American actor (1913–93)

Charles Carlton Maxwell (December 28, 1913 - August 7, 1993) was an American character actor and producer who worked primarily in television.

==Biography==
Maxwell frequently appeared as a guest star in western television series, including Bonanza, Gunsmoke, The Texan, Lawman, Rawhide, and The Rifleman. In 1956 he appeared in a Greyhound Bus presentation, Down Liberty Road. In 1959, he was cast as General Phil Sheridan in the episode "One Bullet from Broken Bow" of the NBC western series, Bat Masterson, starring Gene Barry in the title role. He appeared again later that year as crooked hotel owner “Ron Davis” in the episode “Lady Luck”. He also appeared on NBC's Bonanza ten times as entirely different characters.

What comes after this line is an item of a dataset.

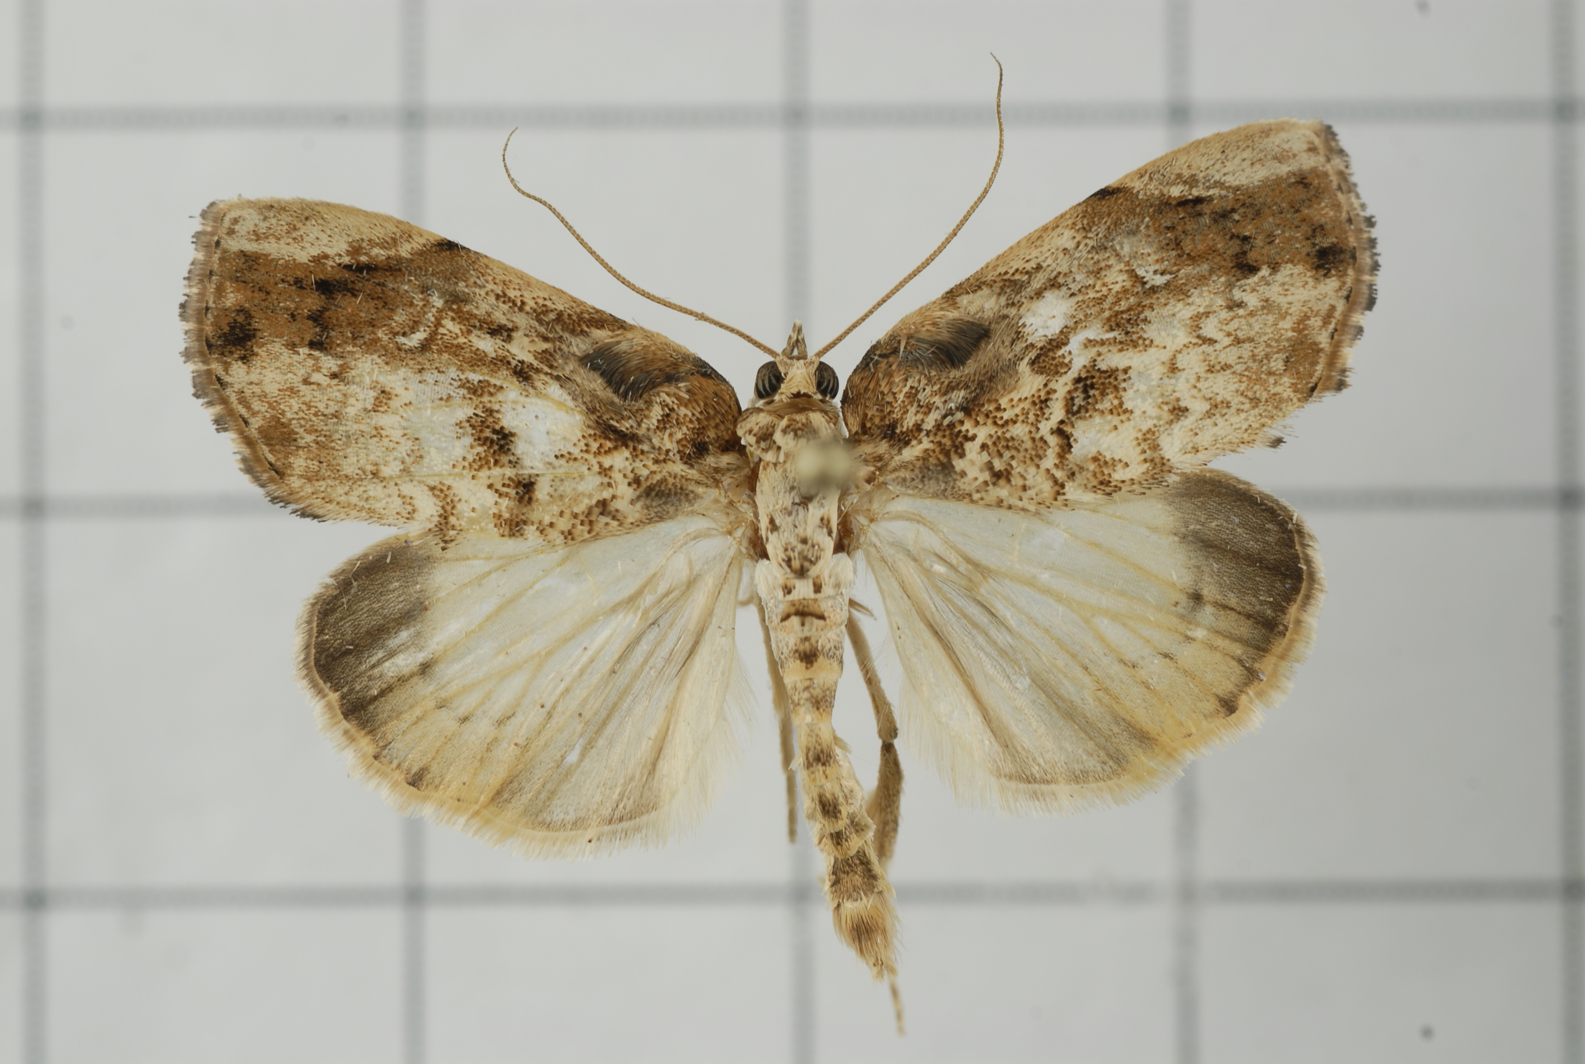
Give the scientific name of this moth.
Crocidolomia subhirsutalis

In the 1960s, Maxwell began appearing in a variety of guest roles. For example, in March 1961, he appeared as foreman Deeb Erickson on episode 25, season 2, of "The Rebel": "The Burying of Sammy Hart." He appeared in My Favorite Martian (first season, episode 23) as Jakobar in "An Old Friend of the Family".
He was a regular on the short-lived series The Hank McCune Show and appeared as Corp. Giles on the World War II drama Combat! in the episode "Ask Me No Questions" in 1966. He also appeared as Virgil Earp in the Star Trek episode “Spectre of the Gun” in 1968.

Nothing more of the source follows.